Bureau of Land Management rams through oil and gas leasing sales in the Arctic Refuge

Trump Administration ignoring public process to speed up lease sales

Conducting bird nest assessments in Arctic NWR by Danielle Brigida/USFWS

Conducting bird nest assessments in Arctic NWR by Danielle Brigida/USFWS

Today, the Bureau of Land Management stated that they are going to hold a lease sale on January 6, 2021 for oil and gas development in the Arctic National Wildlife Refuge. Oil and gas companies have been lobbying for access to this protected land ever since the creation of the Arctic Refuge 60 years ago. This step to hold a lease sale is the formal opening of the Arctic Refuge for development for the first time in history. 

The wildlife refuges in Alaska are large and wild, with healthy wildlife populations. The Arctic National Wildlife Refuge is the largest and wildest: 19.6 million acres of wilderness stretching from the coastal plain along the Beaufort Sea to the Brooks Range. With oil and gas development common along the rest of the North Slope, it is our moral responsibility to preserve these Arctic Refuge lands as wilderness.

Arctic fox by Keith Morehead/USFWS

Arctic fox by Keith Morehead/USFWS

Starting November 17, 2020, the BLM opened a 30-day “Call for Nominations” period for receiving public comments. Yet BLM made it clear they were uninterested in hearing from the public regarding development plans. Not only did they restrict comments to mailed or hand delivered comments, which must be received, not postmarked, by the deadline, but they are asking for leasing bids to be submitted even before this comment period is halfway done.

They are forging ahead with leasing plans without any regard for any recent scientific data on impacts to polar bears, caribou herds, and the millions of migratory birds that nest in this refuge and without any acknowledgment of the public’s extreme opposition to destroying this iconic landscape. The incentive to these efforts to ram through drilling is the prospect of a Biden Administration, which has pledged to stop all drilling activity in the refuge.
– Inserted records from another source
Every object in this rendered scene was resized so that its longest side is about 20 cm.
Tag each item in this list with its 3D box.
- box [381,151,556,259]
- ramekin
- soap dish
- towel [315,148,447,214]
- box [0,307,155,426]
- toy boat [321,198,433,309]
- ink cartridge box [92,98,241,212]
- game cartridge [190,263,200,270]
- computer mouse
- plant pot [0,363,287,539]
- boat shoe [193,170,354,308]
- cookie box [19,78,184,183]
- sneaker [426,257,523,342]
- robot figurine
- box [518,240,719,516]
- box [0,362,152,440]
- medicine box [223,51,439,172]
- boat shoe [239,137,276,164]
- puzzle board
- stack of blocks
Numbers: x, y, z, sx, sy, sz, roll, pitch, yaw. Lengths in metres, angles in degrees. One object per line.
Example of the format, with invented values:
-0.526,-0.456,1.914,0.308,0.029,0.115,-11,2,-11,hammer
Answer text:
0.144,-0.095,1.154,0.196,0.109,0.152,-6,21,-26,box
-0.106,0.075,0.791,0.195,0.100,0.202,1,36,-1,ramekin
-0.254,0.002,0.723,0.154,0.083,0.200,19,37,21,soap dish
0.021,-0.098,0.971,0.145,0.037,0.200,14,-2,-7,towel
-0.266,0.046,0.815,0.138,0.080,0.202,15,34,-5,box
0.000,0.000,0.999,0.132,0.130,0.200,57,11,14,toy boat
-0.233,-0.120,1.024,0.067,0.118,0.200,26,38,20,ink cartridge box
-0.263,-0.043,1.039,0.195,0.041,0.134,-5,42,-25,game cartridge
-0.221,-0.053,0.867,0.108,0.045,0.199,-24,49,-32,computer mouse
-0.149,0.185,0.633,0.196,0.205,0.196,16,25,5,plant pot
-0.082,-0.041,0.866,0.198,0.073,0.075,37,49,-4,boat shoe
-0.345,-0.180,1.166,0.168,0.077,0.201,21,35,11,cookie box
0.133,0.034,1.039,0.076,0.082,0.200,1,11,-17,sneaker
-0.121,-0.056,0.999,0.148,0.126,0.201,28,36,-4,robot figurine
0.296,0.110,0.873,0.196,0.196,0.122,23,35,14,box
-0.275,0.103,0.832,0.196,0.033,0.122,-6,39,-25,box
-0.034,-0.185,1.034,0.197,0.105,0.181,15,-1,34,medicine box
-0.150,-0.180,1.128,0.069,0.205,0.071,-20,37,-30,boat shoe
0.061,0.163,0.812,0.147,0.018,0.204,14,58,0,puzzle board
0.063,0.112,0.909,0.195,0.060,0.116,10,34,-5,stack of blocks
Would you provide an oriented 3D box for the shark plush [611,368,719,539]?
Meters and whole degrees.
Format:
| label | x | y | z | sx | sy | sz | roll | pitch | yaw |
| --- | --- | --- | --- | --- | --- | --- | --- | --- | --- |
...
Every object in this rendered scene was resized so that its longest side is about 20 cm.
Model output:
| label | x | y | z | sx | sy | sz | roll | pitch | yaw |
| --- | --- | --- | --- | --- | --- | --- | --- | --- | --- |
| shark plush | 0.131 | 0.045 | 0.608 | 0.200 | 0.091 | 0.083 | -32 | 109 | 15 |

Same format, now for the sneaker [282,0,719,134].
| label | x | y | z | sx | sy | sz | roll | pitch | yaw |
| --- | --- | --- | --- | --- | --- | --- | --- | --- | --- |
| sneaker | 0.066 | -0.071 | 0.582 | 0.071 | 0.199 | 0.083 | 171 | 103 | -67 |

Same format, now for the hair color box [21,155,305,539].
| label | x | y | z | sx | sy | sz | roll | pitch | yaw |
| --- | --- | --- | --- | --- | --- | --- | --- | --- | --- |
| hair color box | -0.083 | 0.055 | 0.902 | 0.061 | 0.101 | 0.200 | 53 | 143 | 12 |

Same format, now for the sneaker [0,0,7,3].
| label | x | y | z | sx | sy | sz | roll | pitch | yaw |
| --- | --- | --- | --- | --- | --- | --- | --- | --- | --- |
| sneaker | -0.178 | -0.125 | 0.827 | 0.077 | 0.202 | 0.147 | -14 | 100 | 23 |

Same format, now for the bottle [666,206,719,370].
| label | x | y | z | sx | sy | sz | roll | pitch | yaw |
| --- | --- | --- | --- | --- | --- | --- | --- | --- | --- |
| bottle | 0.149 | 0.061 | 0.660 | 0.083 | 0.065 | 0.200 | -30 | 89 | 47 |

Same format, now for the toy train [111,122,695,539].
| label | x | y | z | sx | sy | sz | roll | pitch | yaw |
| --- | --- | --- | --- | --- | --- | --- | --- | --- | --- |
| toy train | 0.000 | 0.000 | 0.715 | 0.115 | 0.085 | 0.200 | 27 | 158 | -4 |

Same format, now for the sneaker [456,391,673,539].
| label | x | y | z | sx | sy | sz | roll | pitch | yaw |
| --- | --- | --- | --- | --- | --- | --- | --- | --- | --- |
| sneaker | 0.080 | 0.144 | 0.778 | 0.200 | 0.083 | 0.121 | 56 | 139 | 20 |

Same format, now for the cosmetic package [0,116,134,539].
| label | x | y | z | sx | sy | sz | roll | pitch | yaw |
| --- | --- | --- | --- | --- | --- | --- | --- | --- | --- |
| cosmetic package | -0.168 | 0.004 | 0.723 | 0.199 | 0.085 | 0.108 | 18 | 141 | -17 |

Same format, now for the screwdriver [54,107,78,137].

Geoffrey L. Haskett, President of the National Wildlife Refuge Association issued this statement:

“The people have spoken loudly against drilling in the Arctic Refuge, and have been ignored during every step of this process. The Fish and Wildlife Service, just 6 years ago, recommended the coastal plain be preserved as wilderness in perpetuity due to its high wildlife value, and now we are facing irreversible damage and destruction of this area. 

“Ever since the Tax Act of 2017 was passed, the BLM and the Trump Administration have done everything they can to ignore science, erode trust in the public commenting system, and bulldoze their way through the conservation legacy of the Refuge System established 117 years ago.

Arctic NWR by Andrea Medeiros/USFWS

Arctic NWR by Andrea Medeiros/USFWS

“As the largest land-based refuge in the System, the Arctic Refuge is iconic, not only for its endangered polar bears and the majestic Porcupine caribou herd, but for the breadth of landscapes it covers. From the Beaufort Sea in the north down to Arctic Village in the south, millions of birds, mammals, plants, and other animals are dependent on this landscape. And we cannot overlook the importance of this land and the Porcupine caribou herd to the indigenous Gwich’in people, whose livelihoods and future are at peril should drilling go forward.

“We ask companies to take a pass on bidding for leases.”